>>>

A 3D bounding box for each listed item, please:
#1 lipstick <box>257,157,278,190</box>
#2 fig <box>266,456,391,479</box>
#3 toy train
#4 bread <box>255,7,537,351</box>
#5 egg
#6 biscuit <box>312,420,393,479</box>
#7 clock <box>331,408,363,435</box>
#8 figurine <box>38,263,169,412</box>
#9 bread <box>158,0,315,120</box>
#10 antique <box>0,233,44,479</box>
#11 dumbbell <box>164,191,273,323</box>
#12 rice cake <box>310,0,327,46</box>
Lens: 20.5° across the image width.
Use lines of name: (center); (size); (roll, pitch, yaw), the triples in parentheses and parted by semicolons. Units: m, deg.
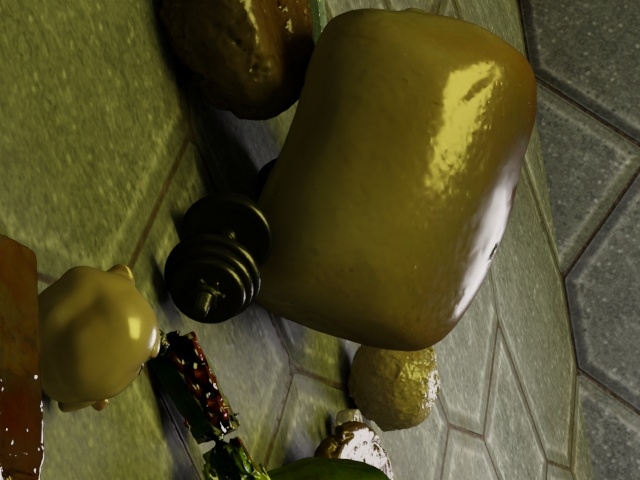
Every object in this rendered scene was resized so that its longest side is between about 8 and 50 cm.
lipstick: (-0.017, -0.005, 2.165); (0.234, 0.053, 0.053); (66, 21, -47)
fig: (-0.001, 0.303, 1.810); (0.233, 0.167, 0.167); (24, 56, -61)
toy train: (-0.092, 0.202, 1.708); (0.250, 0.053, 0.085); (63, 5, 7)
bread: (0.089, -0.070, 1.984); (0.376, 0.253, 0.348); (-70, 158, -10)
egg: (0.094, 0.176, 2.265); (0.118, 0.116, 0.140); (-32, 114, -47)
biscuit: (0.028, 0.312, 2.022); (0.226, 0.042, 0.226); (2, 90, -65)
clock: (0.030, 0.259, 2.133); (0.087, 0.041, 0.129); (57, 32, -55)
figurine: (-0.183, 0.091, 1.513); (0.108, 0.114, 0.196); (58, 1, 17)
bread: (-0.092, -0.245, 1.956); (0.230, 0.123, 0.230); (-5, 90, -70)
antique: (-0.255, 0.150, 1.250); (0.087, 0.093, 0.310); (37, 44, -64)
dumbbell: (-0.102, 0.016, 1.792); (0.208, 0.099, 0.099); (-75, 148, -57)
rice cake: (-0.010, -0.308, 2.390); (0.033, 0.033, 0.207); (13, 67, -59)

<<<
>>>

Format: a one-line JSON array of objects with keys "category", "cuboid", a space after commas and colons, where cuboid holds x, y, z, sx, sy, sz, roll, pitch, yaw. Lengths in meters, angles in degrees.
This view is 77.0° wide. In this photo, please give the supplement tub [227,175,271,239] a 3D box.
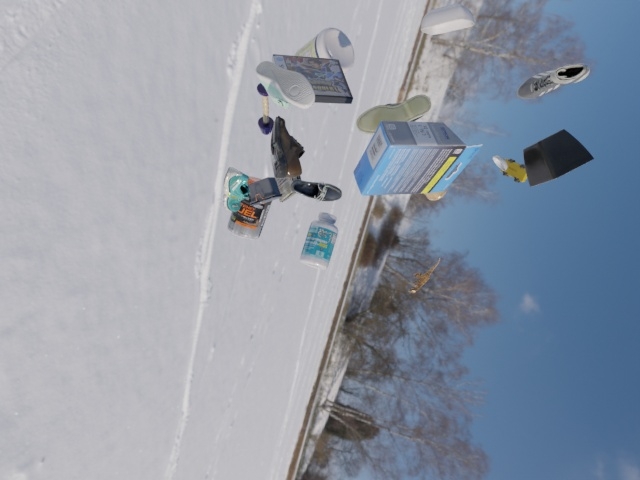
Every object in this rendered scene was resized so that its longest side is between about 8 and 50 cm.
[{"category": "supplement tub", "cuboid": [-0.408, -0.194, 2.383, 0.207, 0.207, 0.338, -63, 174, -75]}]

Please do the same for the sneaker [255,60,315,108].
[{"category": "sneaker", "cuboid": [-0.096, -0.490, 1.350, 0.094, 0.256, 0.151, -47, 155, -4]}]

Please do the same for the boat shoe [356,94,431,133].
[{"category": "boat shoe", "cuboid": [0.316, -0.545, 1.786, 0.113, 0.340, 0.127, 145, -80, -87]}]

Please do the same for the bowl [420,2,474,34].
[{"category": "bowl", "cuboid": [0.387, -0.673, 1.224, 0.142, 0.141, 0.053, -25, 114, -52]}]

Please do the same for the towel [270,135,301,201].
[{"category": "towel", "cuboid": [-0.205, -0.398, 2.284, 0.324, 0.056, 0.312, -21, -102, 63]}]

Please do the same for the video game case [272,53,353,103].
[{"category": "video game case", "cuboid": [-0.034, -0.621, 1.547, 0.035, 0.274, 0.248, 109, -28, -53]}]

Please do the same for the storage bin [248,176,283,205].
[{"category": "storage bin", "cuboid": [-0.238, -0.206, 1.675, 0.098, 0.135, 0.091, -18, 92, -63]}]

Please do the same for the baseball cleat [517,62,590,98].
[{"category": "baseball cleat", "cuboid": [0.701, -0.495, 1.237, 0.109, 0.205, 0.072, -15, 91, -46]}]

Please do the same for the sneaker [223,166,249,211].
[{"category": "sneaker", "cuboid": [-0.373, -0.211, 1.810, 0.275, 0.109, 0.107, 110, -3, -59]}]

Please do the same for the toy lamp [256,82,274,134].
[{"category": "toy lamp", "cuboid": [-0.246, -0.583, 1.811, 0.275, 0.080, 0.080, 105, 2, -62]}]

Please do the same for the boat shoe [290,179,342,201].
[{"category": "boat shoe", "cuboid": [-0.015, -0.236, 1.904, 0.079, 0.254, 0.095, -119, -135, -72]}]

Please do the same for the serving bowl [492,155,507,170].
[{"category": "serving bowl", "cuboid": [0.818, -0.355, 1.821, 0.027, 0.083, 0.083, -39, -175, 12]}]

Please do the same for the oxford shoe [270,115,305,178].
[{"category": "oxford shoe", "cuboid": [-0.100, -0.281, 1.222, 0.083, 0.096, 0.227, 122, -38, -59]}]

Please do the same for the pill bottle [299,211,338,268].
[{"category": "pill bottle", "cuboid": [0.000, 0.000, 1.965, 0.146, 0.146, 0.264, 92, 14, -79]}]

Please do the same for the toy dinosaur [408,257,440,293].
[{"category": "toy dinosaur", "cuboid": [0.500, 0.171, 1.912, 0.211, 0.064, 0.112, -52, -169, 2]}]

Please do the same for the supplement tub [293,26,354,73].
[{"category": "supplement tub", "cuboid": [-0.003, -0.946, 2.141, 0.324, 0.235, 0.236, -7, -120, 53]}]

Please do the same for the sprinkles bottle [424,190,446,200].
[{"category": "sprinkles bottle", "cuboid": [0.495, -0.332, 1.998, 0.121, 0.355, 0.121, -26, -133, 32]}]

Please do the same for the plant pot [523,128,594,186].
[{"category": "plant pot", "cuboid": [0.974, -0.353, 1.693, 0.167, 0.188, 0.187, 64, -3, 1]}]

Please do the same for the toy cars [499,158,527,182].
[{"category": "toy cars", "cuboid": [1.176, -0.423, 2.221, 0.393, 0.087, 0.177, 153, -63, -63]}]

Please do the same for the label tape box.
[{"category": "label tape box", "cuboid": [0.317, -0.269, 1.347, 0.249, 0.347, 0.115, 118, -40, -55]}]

<<<
>>>

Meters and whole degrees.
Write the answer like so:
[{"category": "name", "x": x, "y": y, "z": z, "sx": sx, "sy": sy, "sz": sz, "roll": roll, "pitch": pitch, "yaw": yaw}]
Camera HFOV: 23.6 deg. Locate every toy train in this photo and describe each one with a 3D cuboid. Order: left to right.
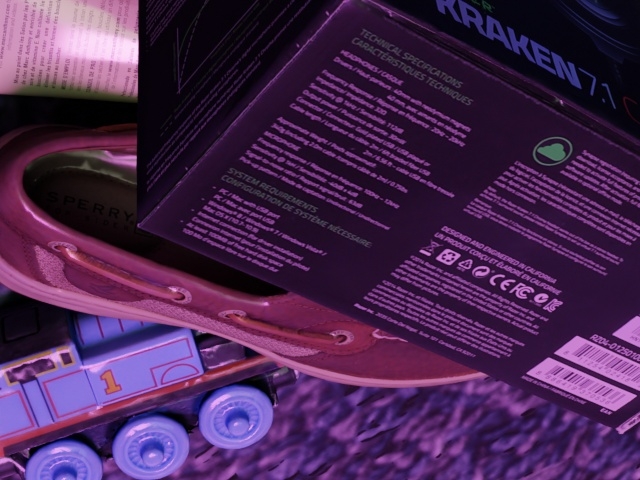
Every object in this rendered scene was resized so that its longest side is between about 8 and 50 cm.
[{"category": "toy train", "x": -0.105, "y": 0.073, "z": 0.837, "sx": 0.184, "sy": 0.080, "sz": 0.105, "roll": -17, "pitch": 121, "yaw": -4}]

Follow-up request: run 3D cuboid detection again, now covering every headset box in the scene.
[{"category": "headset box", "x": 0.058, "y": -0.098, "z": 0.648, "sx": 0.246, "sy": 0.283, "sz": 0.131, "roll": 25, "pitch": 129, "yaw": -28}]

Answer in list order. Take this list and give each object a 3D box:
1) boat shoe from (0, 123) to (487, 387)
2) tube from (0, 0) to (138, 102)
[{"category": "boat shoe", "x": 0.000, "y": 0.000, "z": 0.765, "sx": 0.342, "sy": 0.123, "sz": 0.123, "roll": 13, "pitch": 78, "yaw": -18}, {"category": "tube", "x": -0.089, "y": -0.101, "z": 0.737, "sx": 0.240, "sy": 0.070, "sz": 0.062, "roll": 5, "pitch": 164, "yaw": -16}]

<<<

## Action item
Above are some lines. Repeat exactly, and only, those from the line that has "#1 lipstick <box>257,157,278,190</box>" through the line that has "#11 dumbbell <box>164,191,273,323</box>".

## Written solution
#1 lipstick <box>257,157,278,190</box>
#2 fig <box>266,456,391,479</box>
#3 toy train
#4 bread <box>255,7,537,351</box>
#5 egg
#6 biscuit <box>312,420,393,479</box>
#7 clock <box>331,408,363,435</box>
#8 figurine <box>38,263,169,412</box>
#9 bread <box>158,0,315,120</box>
#10 antique <box>0,233,44,479</box>
#11 dumbbell <box>164,191,273,323</box>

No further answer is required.